Investments

LifeMD dips after preferred stock dividend announced

LifeMD is a telehealth company / Photo: Shutterstock

Common shares of LifeMD, a telehealth company offering virtual primary and specialized care, fell almost 3% in after-hours trading on Tuesday, September 24. This drop followed the announcement that the company will pay dividends to holders of its cumulative preferred shares, which are entitled to previously missed dividends before other types of shares receive payouts.

Details

After gaining 11% during the day, LifeMD common stock declined around 3% in after-hours trading on Tuesday to $5.51 per share. At the end of the main trading session, the company announced dividends of around $0.60 per share for its cumulative perpetual preferred stock, which is traded separately on the Nasdaq. On Tuesday, these preferred shares rose 1% to $22.22 per share.

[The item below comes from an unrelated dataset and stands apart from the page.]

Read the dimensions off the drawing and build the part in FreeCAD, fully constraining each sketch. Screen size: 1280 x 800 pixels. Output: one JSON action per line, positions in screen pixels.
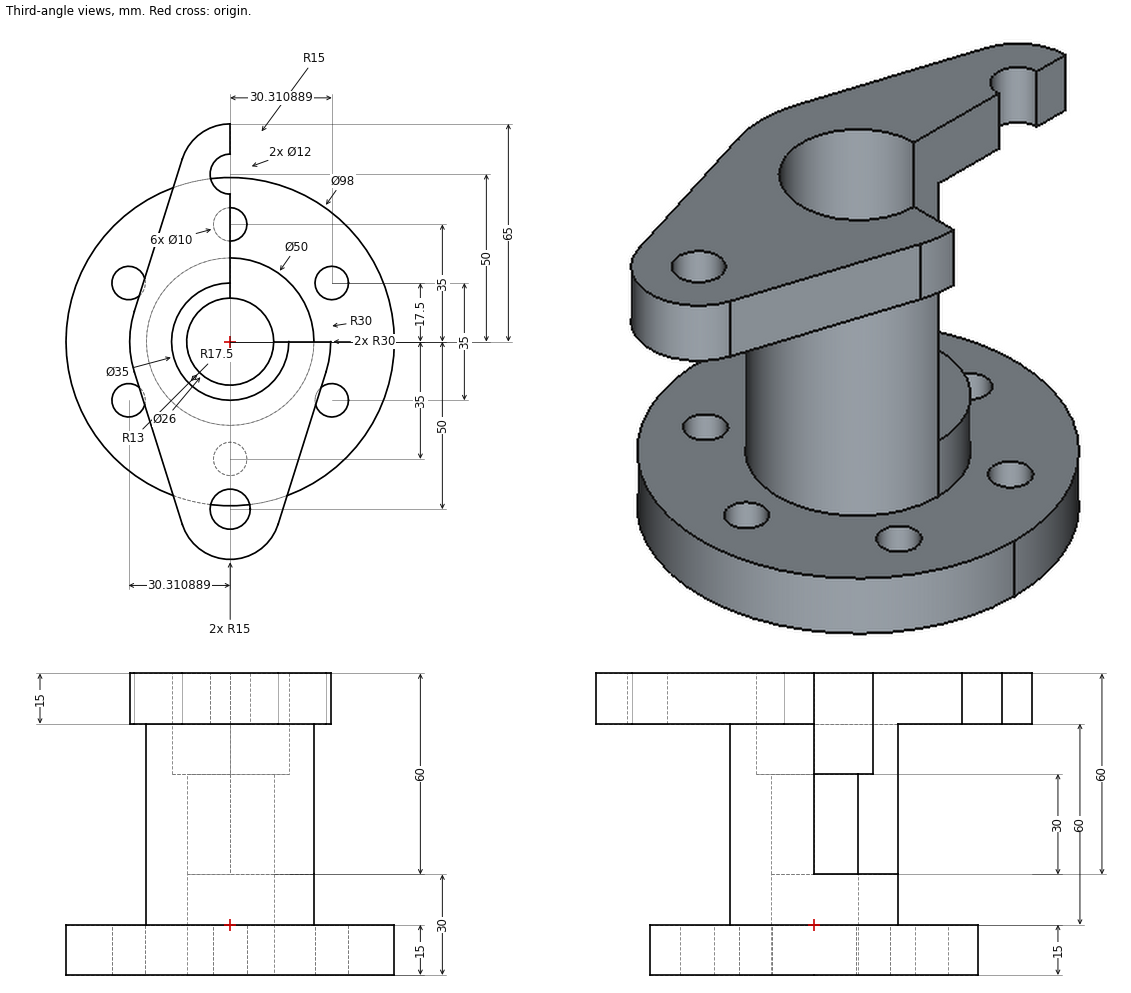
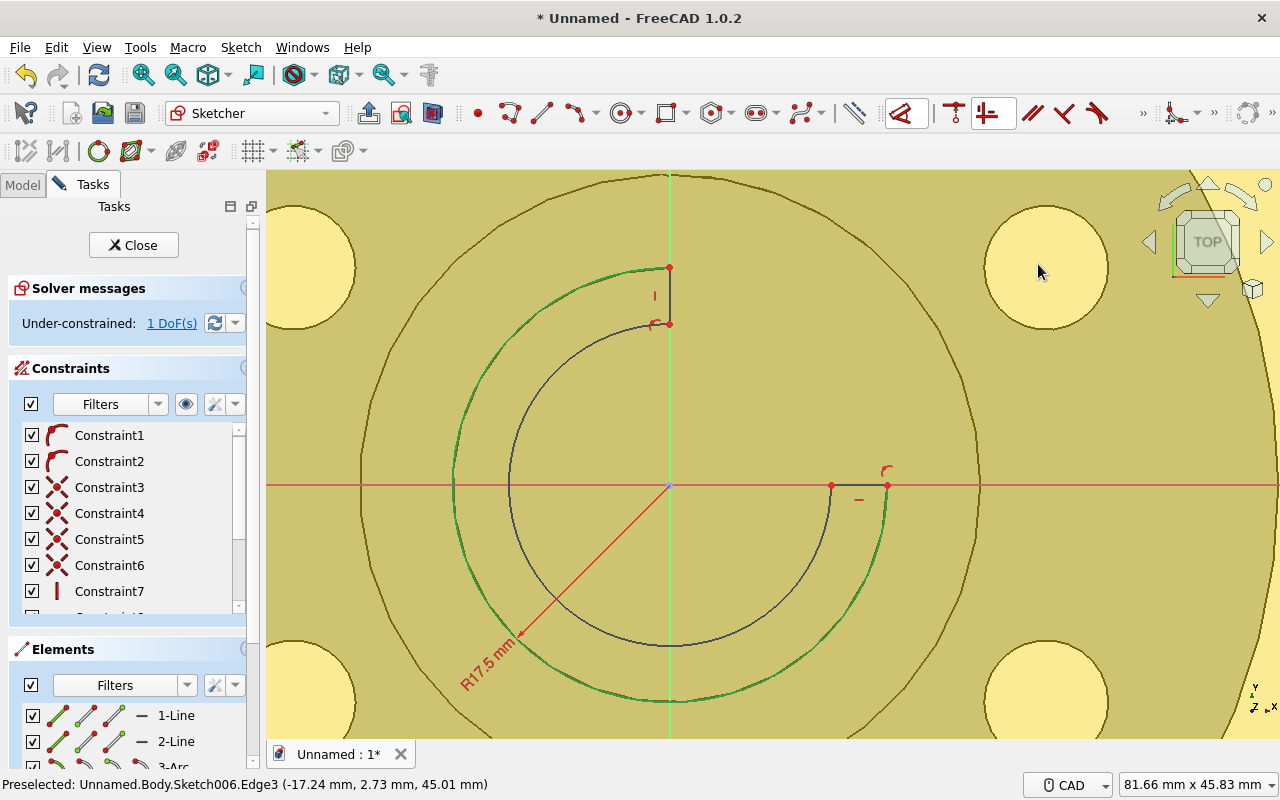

Cumulative preferred shares differ from common shares in that their holders are prioritized for dividends and entitled to any missed payouts, should the company temporarily suspend dividends for financial reasons. This marks the third dividend LifeMD has issued to its cumulative preferred shareholders this year. A dividend of $0.03 per share was paid to common shareholders for the second quarter, as reported in the second-quarter financials.

About LifeMD

LifeMD offers virtual primary and specialized healthcare services, including weight management and men’s health programs. In September, it announced that it is launching a real-time pharmacy benefit verification program for weight-loss medications. This will allow patients to check their benefits before enrolling in a LifeMD virtual care program, which the company believes will capture more clients.

In addition, LifeMD provides at-home laboratory services and prescription delivery. For the second quarter of 2024, it reported a 41% year-over-year rise in revenue to $50.7 million, with adjusted EBITDA climbing 44% to $2.5 million.

Analyst insights

For the year to date, LifeMD shares are down around 32%. According to MarketWatch, seven analysts cover the stock, and all have buy recommendations. The average target price is $12.57 per share, meaning upside of 121% versus the most recent closing price.